[WHAT YOU WILL DO] Look through the material below and report every line that includes "from".

ENTRIES PROVIDED section start

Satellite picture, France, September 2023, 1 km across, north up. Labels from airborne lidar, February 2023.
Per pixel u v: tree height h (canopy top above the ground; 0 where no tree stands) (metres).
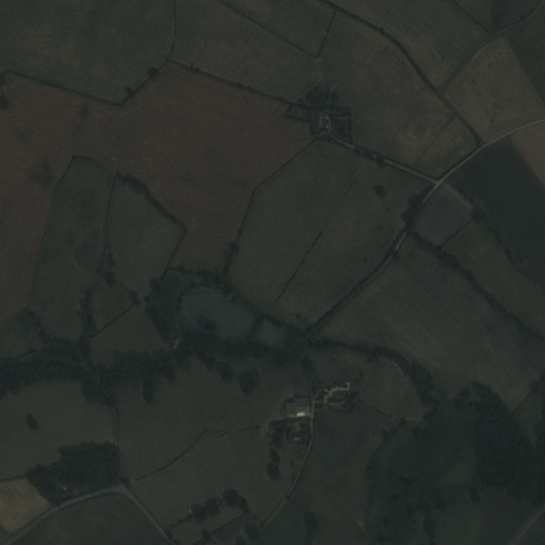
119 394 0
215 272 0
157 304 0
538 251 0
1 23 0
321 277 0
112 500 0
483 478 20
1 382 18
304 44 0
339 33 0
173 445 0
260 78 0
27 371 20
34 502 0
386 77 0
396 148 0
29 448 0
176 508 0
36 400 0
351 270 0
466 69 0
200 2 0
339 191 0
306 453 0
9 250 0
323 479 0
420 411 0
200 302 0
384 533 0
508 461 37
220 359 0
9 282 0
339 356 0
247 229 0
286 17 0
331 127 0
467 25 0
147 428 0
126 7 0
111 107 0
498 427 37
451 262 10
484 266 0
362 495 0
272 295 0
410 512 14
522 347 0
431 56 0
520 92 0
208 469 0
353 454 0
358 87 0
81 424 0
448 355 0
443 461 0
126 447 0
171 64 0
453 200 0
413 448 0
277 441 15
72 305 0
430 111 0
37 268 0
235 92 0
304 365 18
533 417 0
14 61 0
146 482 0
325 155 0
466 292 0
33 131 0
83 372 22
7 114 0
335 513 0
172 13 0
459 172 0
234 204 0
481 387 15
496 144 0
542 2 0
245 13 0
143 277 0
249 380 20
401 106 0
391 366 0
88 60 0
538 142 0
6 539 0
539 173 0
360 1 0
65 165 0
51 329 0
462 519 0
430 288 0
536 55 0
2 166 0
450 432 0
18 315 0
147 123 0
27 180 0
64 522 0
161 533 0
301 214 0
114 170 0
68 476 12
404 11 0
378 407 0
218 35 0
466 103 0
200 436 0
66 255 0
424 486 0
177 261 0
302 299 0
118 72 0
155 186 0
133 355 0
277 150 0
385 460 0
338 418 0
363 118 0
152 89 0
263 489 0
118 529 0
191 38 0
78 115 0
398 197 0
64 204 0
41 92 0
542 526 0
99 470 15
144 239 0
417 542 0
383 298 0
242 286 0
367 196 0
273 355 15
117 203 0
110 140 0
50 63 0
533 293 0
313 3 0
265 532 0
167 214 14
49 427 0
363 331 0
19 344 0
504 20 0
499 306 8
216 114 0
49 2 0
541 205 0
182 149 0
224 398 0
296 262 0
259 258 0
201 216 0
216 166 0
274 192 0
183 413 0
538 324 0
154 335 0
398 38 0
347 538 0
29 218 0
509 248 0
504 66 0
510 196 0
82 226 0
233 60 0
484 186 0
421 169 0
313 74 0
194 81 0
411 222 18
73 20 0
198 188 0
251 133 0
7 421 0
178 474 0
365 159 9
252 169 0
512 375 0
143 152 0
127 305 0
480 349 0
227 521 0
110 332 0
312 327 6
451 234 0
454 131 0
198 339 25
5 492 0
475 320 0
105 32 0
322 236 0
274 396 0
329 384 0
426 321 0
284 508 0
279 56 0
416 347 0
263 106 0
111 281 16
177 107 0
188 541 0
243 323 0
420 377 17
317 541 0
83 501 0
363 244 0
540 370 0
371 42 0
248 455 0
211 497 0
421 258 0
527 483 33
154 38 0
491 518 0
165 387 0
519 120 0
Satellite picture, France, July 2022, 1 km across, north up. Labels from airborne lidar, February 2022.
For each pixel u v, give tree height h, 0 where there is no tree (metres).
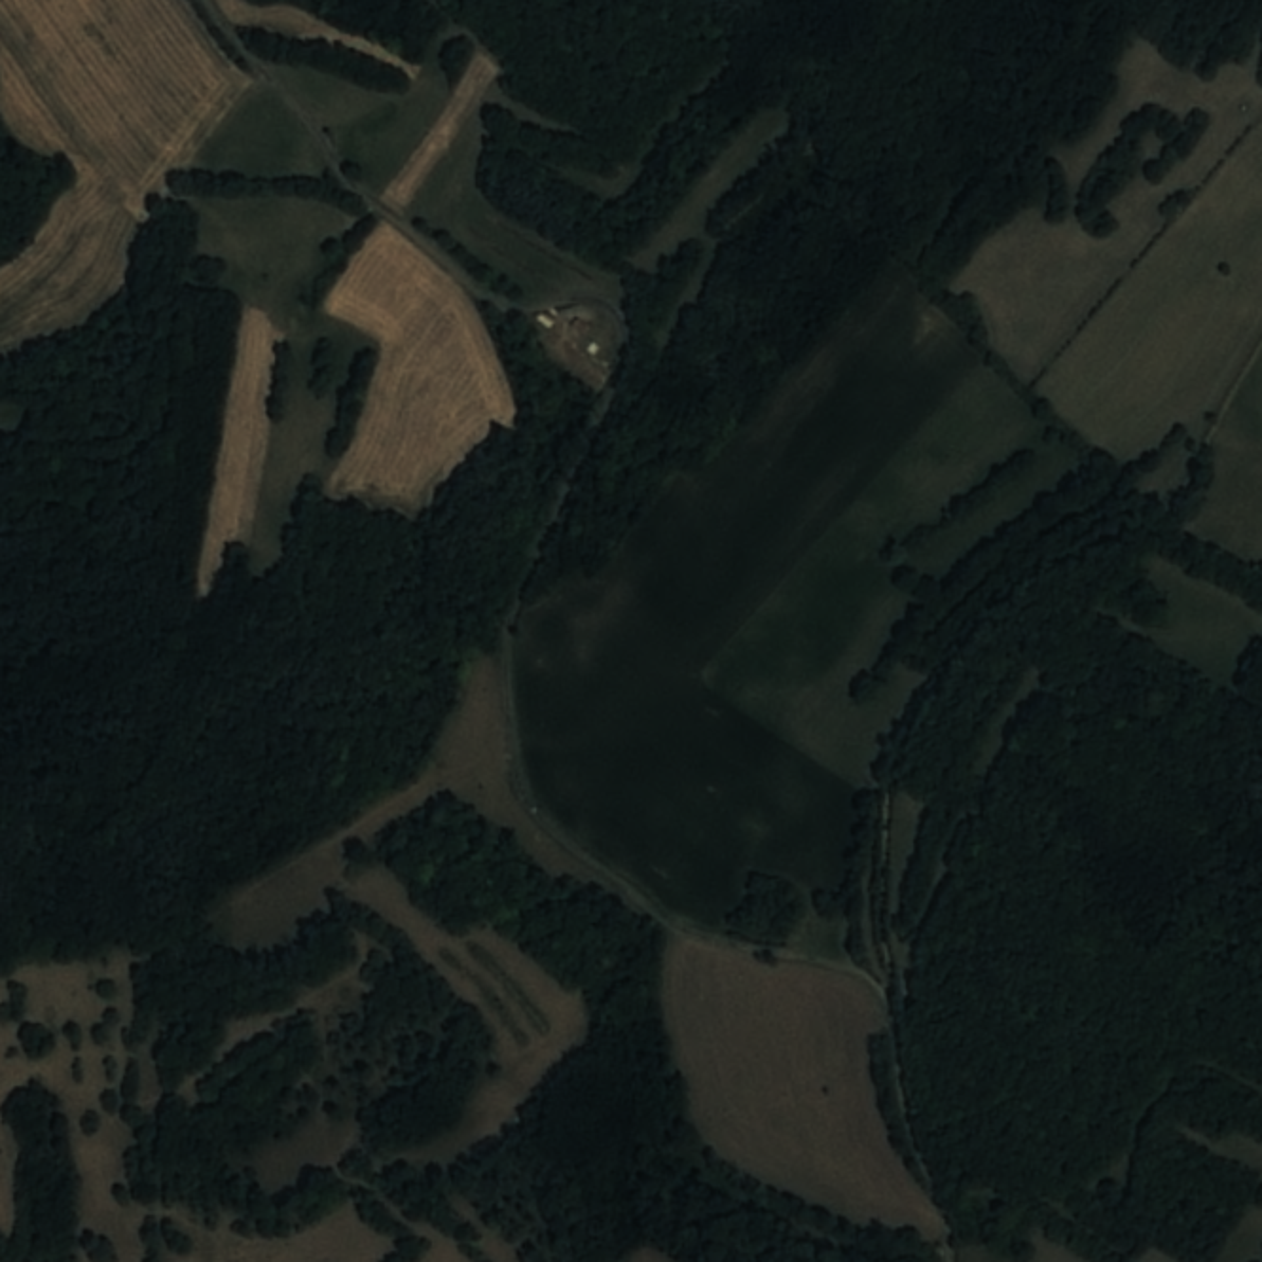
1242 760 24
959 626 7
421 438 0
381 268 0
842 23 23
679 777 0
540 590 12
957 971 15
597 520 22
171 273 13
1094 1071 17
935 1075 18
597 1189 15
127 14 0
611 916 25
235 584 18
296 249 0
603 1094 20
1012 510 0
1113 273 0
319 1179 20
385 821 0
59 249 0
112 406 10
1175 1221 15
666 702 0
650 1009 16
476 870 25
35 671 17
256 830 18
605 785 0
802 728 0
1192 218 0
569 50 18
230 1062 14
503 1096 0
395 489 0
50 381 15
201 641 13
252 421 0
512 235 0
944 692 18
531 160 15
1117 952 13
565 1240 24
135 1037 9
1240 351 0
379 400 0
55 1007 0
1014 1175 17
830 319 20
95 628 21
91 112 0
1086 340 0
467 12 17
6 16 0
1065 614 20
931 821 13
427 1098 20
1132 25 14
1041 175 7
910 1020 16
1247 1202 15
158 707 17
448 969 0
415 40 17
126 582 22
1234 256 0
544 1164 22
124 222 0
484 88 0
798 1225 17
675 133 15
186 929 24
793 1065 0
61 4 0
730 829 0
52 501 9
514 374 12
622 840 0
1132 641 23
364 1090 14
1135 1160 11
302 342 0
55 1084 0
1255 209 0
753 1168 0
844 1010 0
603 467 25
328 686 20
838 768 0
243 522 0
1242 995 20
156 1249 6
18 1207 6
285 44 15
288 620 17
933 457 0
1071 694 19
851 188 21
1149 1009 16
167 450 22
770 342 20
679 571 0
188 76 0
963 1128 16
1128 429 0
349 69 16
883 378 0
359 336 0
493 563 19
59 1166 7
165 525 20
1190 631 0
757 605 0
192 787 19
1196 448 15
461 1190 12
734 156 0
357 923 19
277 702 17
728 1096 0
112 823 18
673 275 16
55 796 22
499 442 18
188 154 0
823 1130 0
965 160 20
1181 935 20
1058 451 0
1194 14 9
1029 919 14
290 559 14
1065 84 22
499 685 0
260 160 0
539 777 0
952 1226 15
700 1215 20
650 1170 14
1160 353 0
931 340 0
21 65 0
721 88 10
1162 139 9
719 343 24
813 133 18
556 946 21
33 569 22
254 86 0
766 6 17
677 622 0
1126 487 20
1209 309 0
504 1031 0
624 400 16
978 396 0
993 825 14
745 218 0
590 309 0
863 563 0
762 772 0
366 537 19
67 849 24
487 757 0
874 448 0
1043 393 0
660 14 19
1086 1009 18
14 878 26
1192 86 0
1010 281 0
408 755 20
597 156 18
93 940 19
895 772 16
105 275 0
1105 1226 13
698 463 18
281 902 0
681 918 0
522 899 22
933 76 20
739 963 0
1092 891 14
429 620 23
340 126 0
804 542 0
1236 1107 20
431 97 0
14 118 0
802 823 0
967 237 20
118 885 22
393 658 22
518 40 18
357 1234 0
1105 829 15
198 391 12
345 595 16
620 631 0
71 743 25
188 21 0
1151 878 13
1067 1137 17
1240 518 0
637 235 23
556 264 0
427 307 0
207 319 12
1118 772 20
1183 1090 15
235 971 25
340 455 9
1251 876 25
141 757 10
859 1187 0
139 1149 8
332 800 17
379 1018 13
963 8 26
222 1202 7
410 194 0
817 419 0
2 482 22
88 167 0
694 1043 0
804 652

ENTRIES PROVIDED section end

[RESULT]
Satellite picture, France, September 2023, 1 km across, north up. Labels from airborne lidar, February 2023.
Satellite picture, France, July 2022, 1 km across, north up. Labels from airborne lidar, February 2022.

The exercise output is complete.